LLM-as-Judge

Using an LLM to evaluate another LLM's outputs is the standard approach for open-ended tasks — calibrate against human labels (target Spearman > 0.8), use explicit rubrics, and account for position/verbosity/self-enhancement biases.

Updated Invalid Date·

llm-as-judge evaluation scoring rubric calibration bias

Using a language model to evaluate another language model's outputs. The standard approach for open-ended tasks where ground-truth is hard to define.

Why LLM-as-Judge Works

For narrow tasks (code execution, SQL correctness, classification), programmatic evaluation is better. Run the code, check the output. But for:

Response quality ("Is this a good explanation?")
Helpfulness ("Did this answer the user's intent?")
Writing quality, tone, safety

...you need human judgment. Human labelling is slow and expensive. LLMs are 1,000x cheaper and available 24/7. If you calibrate them against human labels, they can be surprisingly accurate.

Basic Pattern

import anthropic
import json

client = anthropic.Anthropic()

def judge_response(question: str, model_answer: str, expected_answer: str) -> dict:
    prompt = f"""Evaluate this AI response.

Question: {question}
Expected answer: {expected_answer}
Model answer: {model_answer}

Score the model answer on:
1. Accuracy (1-5): Does it match the expected answer?
2. Completeness (1-5): Does it cover all key points?
3. Clarity (1-5): Is it clear and well-explained?
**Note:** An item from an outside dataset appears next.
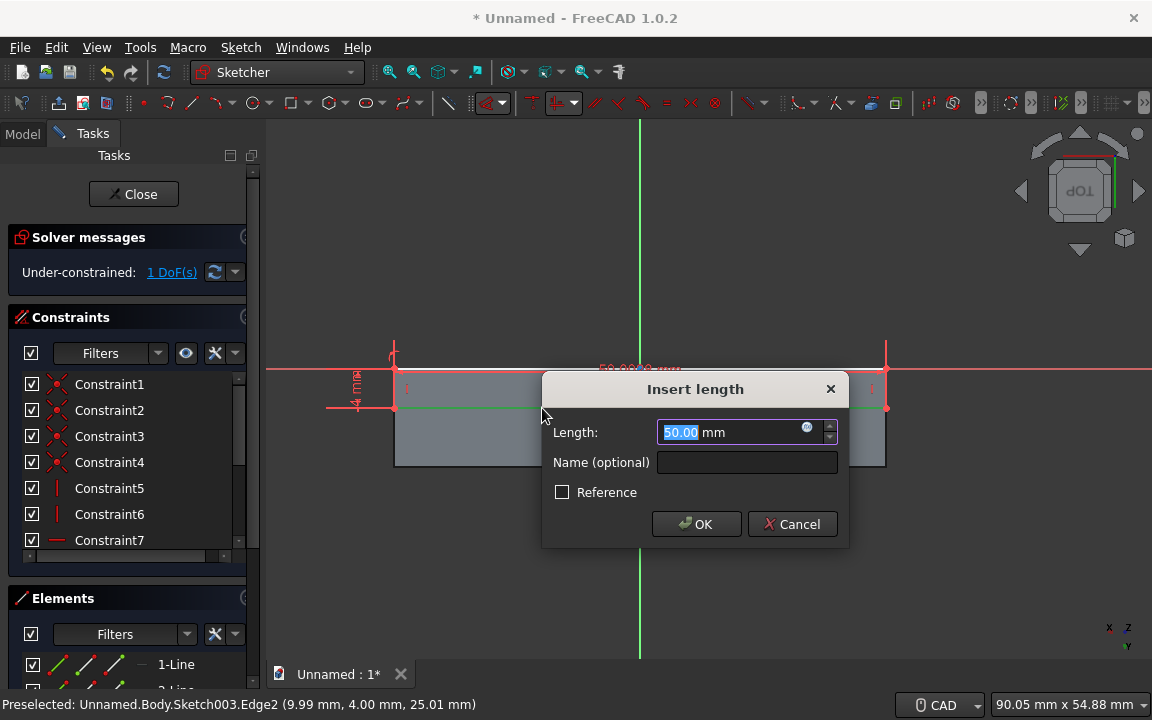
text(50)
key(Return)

Return JSON: {{"accuracy": N, "completeness": N, "clarity": N, "reasoning": "brief explanation"}}"""

    response = client.messages.create(
        model="claude-sonnet-4-6",
        max_tokens=256,
        messages=[{"role": "user", "content": prompt}]
    )
    return json.loads(response.content[0].text)

The Rubric: The Most Important Part

A rubric converts a subjective "how good is this?" into explicit criteria the judge can apply consistently. Without a rubric, scores vary with prompt wording and model state.

Bad rubric: "Rate this response from 1-5."
Good rubric:

Accuracy (1-5):
1 = Factually wrong or doesn't address the question
2 = Partially correct but contains errors
3 = Mostly correct with minor inaccuracies
4 = Correct and complete
5 = Correct, complete, and includes relevant nuance

Completeness (1-5):
1 = Misses most key points from the expected answer
2 = Covers < 50% of key points
3 = Covers 50-75% of key points
4 = Covers > 75% of key points
5 = Covers all key points

A good rubric reduces variance. Different prompts to the judge model should produce the same score for the same answer.

Calibration Against Human Labels

The judge is only as useful as its correlation with human judgment. Always calibrate.

Collect a calibration set: 50–200 examples where you have both human labels and judge scores
Compute Spearman or Pearson correlation
Target: correlation > 0.8 before trusting the judge
If correlation is low: revise the rubric, switch models, or add more examples to the judge prompt

from scipy.stats import spearmanr
import numpy as np

human_scores = [4, 3, 5, 2, 4, 5, 1, 3]
judge_scores = [4, 2, 5, 2, 4, 4, 1, 3]

correlation, p_value = spearmanr(human_scores, judge_scores)
print(f"Spearman correlation: {correlation:.3f} (p={p_value:.4f})")
# Target: > 0.8

Known Biases

Bias	Description	Mitigation
Position bias	Judge prefers option A over B even when they're equivalent, just due to order	Swap order, average both scores
Verbosity bias	Judges tend to prefer longer responses	Explicit "length does not affect score" in rubric
Self-enhancement bias	Claude prefers Claude-style outputs; GPT prefers GPT-style	Use a different model from the one being evaluated
Sycophancy	Judge rewards confident/assertive answers regardless of accuracy	Include calibration examples with confident-wrong answers
Recency bias	Judge puts more weight on the last few sentences	Tell the judge to evaluate the full response, not just the conclusion

Pairwise vs Absolute Scoring

Absolute: "Rate this response 1–5" → easier to interpret, noisier, harder to compare.

Pairwise: "Which response is better, A or B?" → more reliable signal, can't compare across batches, requires more calls.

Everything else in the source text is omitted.